== Segment start ==

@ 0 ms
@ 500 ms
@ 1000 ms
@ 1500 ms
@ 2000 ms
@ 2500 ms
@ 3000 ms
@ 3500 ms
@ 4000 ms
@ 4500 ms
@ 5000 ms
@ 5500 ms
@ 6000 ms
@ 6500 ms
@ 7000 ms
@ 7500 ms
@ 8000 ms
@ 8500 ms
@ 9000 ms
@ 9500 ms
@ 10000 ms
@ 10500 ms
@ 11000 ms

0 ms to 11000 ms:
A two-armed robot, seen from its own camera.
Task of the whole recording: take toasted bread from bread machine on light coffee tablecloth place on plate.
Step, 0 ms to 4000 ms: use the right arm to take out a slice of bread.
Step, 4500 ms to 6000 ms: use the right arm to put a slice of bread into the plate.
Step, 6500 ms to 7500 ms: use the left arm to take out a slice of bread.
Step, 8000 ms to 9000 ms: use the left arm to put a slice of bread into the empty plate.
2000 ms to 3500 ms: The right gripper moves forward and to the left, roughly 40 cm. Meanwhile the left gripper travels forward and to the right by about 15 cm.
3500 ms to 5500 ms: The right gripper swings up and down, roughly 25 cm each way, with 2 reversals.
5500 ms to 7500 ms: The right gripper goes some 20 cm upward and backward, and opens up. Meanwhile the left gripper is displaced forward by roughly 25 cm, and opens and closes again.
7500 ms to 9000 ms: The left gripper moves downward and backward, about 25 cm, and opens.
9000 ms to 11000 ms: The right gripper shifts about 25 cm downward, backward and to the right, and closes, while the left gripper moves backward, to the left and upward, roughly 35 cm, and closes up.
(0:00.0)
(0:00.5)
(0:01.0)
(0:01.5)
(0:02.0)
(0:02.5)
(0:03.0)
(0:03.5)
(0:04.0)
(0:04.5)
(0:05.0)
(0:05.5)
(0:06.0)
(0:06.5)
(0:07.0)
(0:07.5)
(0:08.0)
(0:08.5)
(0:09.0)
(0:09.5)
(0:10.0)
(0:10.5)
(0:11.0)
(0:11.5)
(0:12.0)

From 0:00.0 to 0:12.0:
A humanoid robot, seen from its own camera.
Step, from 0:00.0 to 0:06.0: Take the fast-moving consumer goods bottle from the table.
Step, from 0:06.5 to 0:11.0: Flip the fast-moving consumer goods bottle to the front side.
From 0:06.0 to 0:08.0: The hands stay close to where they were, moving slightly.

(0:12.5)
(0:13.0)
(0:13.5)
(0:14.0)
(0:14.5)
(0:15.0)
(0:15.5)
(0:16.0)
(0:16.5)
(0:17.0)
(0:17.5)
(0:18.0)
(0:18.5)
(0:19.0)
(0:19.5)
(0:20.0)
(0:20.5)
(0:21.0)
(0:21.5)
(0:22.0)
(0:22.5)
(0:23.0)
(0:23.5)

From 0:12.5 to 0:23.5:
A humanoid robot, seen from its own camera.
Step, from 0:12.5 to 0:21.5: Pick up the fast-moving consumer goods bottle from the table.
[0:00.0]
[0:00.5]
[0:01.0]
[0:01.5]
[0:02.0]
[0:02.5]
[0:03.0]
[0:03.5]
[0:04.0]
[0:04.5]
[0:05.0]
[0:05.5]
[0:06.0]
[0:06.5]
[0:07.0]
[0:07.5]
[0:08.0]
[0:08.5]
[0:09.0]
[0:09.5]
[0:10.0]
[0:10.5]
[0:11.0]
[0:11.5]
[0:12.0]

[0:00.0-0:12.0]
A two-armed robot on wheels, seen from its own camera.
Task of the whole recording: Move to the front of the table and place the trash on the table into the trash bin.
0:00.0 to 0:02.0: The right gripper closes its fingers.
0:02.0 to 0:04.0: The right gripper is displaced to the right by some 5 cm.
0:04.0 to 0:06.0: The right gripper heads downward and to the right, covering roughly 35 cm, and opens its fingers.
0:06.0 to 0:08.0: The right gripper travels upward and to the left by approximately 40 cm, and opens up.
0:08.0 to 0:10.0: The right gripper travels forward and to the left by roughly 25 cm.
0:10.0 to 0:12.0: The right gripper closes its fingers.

== Segment end ==

**Required work:**
The response must reproduce the whole listing exactly.

**Expected output:**
@ 0 ms
@ 500 ms
@ 1000 ms
@ 1500 ms
@ 2000 ms
@ 2500 ms
@ 3000 ms
@ 3500 ms
@ 4000 ms
@ 4500 ms
@ 5000 ms
@ 5500 ms
@ 6000 ms
@ 6500 ms
@ 7000 ms
@ 7500 ms
@ 8000 ms
@ 8500 ms
@ 9000 ms
@ 9500 ms
@ 10000 ms
@ 10500 ms
@ 11000 ms

0 ms to 11000 ms:
A two-armed robot, seen from its own camera.
Task of the whole recording: take toasted bread from bread machine on light coffee tablecloth place on plate.
Step, 0 ms to 4000 ms: use the right arm to take out a slice of bread.
Step, 4500 ms to 6000 ms: use the right arm to put a slice of bread into the plate.
Step, 6500 ms to 7500 ms: use the left arm to take out a slice of bread.
Step, 8000 ms to 9000 ms: use the left arm to put a slice of bread into the empty plate.
2000 ms to 3500 ms: The right gripper moves forward and to the left, roughly 40 cm. Meanwhile the left gripper travels forward and to the right by about 15 cm.
3500 ms to 5500 ms: The right gripper swings up and down, roughly 25 cm each way, with 2 reversals.
5500 ms to 7500 ms: The right gripper goes some 20 cm upward and backward, and opens up. Meanwhile the left gripper is displaced forward by roughly 25 cm, and opens and closes again.
7500 ms to 9000 ms: The left gripper moves downward and backward, about 25 cm, and opens.
9000 ms to 11000 ms: The right gripper shifts about 25 cm downward, backward and to the right, and closes, while the left gripper moves backward, to the left and upward, roughly 35 cm, and closes up.
(0:00.0)
(0:00.5)
(0:01.0)
(0:01.5)
(0:02.0)
(0:02.5)
(0:03.0)
(0:03.5)
(0:04.0)
(0:04.5)
(0:05.0)
(0:05.5)
(0:06.0)
(0:06.5)
(0:07.0)
(0:07.5)
(0:08.0)
(0:08.5)
(0:09.0)
(0:09.5)
(0:10.0)
(0:10.5)
(0:11.0)
(0:11.5)
(0:12.0)

From 0:00.0 to 0:12.0:
A humanoid robot, seen from its own camera.
Step, from 0:00.0 to 0:06.0: Take the fast-moving consumer goods bottle from the table.
Step, from 0:06.5 to 0:11.0: Flip the fast-moving consumer goods bottle to the front side.
From 0:06.0 to 0:08.0: The hands stay close to where they were, moving slightly.

(0:12.5)
(0:13.0)
(0:13.5)
(0:14.0)
(0:14.5)
(0:15.0)
(0:15.5)
(0:16.0)
(0:16.5)
(0:17.0)
(0:17.5)
(0:18.0)
(0:18.5)
(0:19.0)
(0:19.5)
(0:20.0)
(0:20.5)
(0:21.0)
(0:21.5)
(0:22.0)
(0:22.5)
(0:23.0)
(0:23.5)

From 0:12.5 to 0:23.5:
A humanoid robot, seen from its own camera.
Step, from 0:12.5 to 0:21.5: Pick up the fast-moving consumer goods bottle from the table.
[0:00.0]
[0:00.5]
[0:01.0]
[0:01.5]
[0:02.0]
[0:02.5]
[0:03.0]
[0:03.5]
[0:04.0]
[0:04.5]
[0:05.0]
[0:05.5]
[0:06.0]
[0:06.5]
[0:07.0]
[0:07.5]
[0:08.0]
[0:08.5]
[0:09.0]
[0:09.5]
[0:10.0]
[0:10.5]
[0:11.0]
[0:11.5]
[0:12.0]

[0:00.0-0:12.0]
A two-armed robot on wheels, seen from its own camera.
Task of the whole recording: Move to the front of the table and place the trash on the table into the trash bin.
0:00.0 to 0:02.0: The right gripper closes its fingers.
0:02.0 to 0:04.0: The right gripper is displaced to the right by some 5 cm.
0:04.0 to 0:06.0: The right gripper heads downward and to the right, covering roughly 35 cm, and opens its fingers.
0:06.0 to 0:08.0: The right gripper travels upward and to the left by approximately 40 cm, and opens up.
0:08.0 to 0:10.0: The right gripper travels forward and to the left by roughly 25 cm.
0:10.0 to 0:12.0: The right gripper closes its fingers.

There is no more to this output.